Text description provided by the architects. The new School of Public Health at Imperial occupies a key site on the university's White City campus. Designed for academics, researchers, students and public health professionals, the building provides a mixture of teaching, research and community outreach space for the school's multidisciplinary work in healthcare, health policy and epidemiology. Advances in medical understanding derive from working partnerships, when practitioners and researchers can compare and validate data, test research findings and develop resources together. At the heart of the School of Public Health's design therefore is a drive to facilitate sharing and collaboration with spaces that can be shaped and reorganised to suit a range of functions, working practices and research groups.

The School is organized over ten floors (plus roof plant). The current configuration provides 3230 sqm of office, research and community engagement space over floors 3-7, with teaching space on floors 1 and 2. A basement accommodates cycle storage and plant. Floor plates are designed around a standard bay size for simple internal rearrangement. Each bay is 7.8m x 7.8m and can be arranged to provide everything from large open space to small cellular offices. By pushing the building's core to the south, large flexible spaces with good daylight and minimal glare have been created on each typical floor. There are also areas on each floor providing staff and student amenity and informal social space. For privacy, the south facade is stepped, with east-facing windows concealed to turn away from the residential building opposite. The north-facing facade by contrast is open and transparent. On the ground floor, views through from the reception area to the generous daylit stairwell aid wayfinding and, in line with public health aspirations, encourage active circulation. Also on the ground floor, a flexible and divisible 85 sqm space for community uses and outreach puts this important strand of the School's work on public display, clearly visible from and addressing the busy Wood Lane street.



Location and Campus Role - The School of Public Health is only an eight minute walk from Hammersmith Hospital Campus, and the building plays an important urban role, addressing visitors approaching from the north and marking arrival at the Imperial White City North Campus. The building entrance is located at the centre of a colonnade spanning the north elevation, while on its eastern side it addresses the small square at the heart of the campus. At 10-storeys, the School's height mediates between the scale of Victorian terraces on Wood Lane and the high-rise residential tower of 88 Wood Lane to the south.

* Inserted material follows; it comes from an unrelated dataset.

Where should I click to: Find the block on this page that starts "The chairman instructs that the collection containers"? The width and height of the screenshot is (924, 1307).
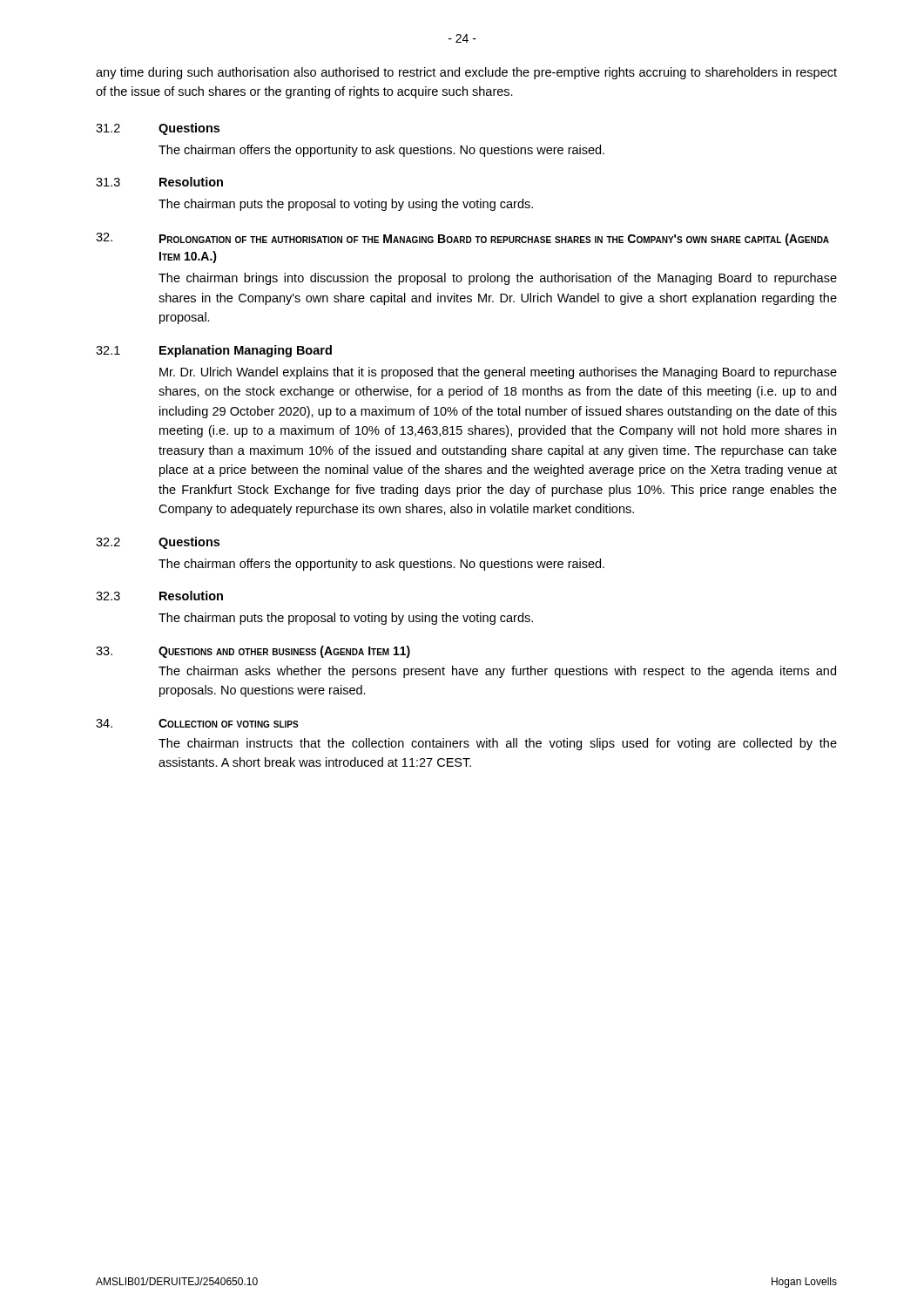coord(498,753)

Material Palette - The architecture employs robust exposed finishes and a family of colours. Pale terracotta-coloured metal cladding with a sand-textured finish is used on the building's exterior alongside white pre-cast concrete facade panels. Inside, fair-faced concrete, cast in-situ, and Douglas fir, characterise the reception area and main circulation stair. Deep red acoustic panels and painted doors, as well as tiling and other finishes in kitchenettes and circulation spaces, WCs, and shower rooms pick up the colour theme.

Working with Imperial at White City Campus - The School of Public Health is the second new building that Allies and Morrison has completed for Imperial at White City Campus. The Sir Michael Uren Hub was completed in 2019. Immediately to the south of these two buildings is the next phase of Imperial's White City Campus development. It will deliver new teaching, research and innovation space for academics and businesses. This will support Imperial's continued expansion in mathematics, data and computer sciences, AI and machine learning and business. Our masterplan for this site gained planning consent in 2021.